Kasenge’s troubles began at the age of one, when he was abandoned by both his parents. It’s here that his grandparents took him up and insisted on later taking him to their home.

“My mother brought me here when I was one year old and she left me here,” a tearful Kasenge said in the interview.

From there, his grandmother Tewo Muleebe, who sold charcoal in a small room near their house started taking care of him, and assisted him with school fees from kindergarten until he completed his school.

Kasenge narrated that hopes of getting accepted by his parents were crashed during a family meeting where his father denounced him as his son in front of the whole family.

“I knew my day had come to an end,” he says of the moment.

Kasenge says, however, his father has been coming to their home to check on his grandparents.

“Because he is my father, I don’t have any other father. He was around but I think he didn’t see any essence of educating me but he saw the essence of educating my siblings”

When Kasenge reached Primary One, Muleebe then a food stuff seller at Kitunzi Market and a sister to his grandfather joined hands with Kasenge’s grandmother to raise school fees for him.

“They raised the money they could raise and that’s where Uganda Microfinance came in. So, they could go for a loan and top up,” he recalls.

Away from school, Kasenge would help both women with work. Whenever he came back from school he would help his grandmother vend avocados and jackfruits to help her raise money to take care of family and pay his school fees.

He also used to work as a cleaner in a nearby supermarket from where he earned some money to cater for his transport to school.

“There is a supermarket which was in the trading centre. Most of my friends used to believe it’s our supermarket but it wasn’t ours. I used to come and collect rubbish, that rubbish they keep in cans. I come, I clean the supermarket, they give me the money. So, thats the money I used to use to transport myself to school”

Like any other child, Kasenge had wishes of joining a good secondary school. This dream came to reality when one of his aunties funded his senior one first term at Mengo Senior School.

Kasenge like many children coming from poor families later forgot where he came from, joined a peer group of friends something that affected his academic performance.

He failed exams and was asked to repeat. The situation didn’t change in his A’ Level as he again failed exams due to lack of concentration.

Kasenge’s poor academic performance was a huge disappointment to his grandparents who had sacrificed a-lot to raise school fees for him for all the years.

“They were disappointed in me. I told them I need one chance like this. Give me a chance”

After convincing his grandmother for a second chance, he repeated Senior Six, later passing to join his dream University.

“I went to Makerere University, I applied, I was given a Bachelors in Industrial and Organizational Psychology and I did it.”

At Makerere, the hustle never stopped as Kasenge used to collect rubbish from people’s homes to earn some money.

His dedication and refocus led him to success, graduating with a 2nd Class Upper degree.

Last week, upon graduating, Kasenge alongside his friends walked to Kitunzi market, Lungujja where his grandmother works, knelt and thanked her for paying his school fees.

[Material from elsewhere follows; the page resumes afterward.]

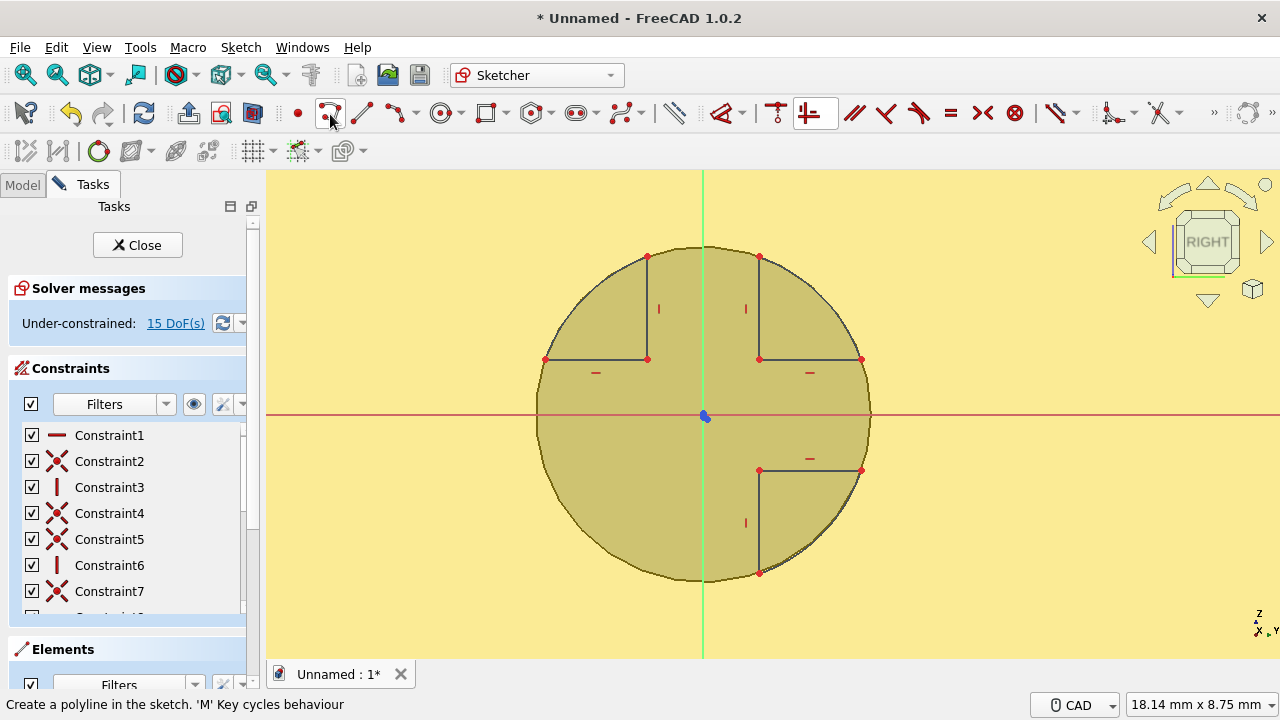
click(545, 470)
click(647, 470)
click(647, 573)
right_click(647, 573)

Kasenge pays his respects to his lifetime benefactor

Describing the eventful day, Kasenge’s grandmother recalls excitement seeing his grandson in a gown which she attributes to God’s grace.

“I feel sorry for those who do not take care of their children. You can never know what God has in store for you,” Muleebe says.

She says she was surprised to see his grandson coming to show appreciation to her unlike many other children who prefer not to do so to their parents.

His grandmother was moved by Kasenge's gesture

“It’s not easy. Most children wouldn’t want to show that this is where I come from. He wasn’t embarrassed. He came and knelt down to give his thanks,” Muleebe says.

Kasenge also recognizes his grandfather who he says sacrificed a-lot to see him pursue his dream.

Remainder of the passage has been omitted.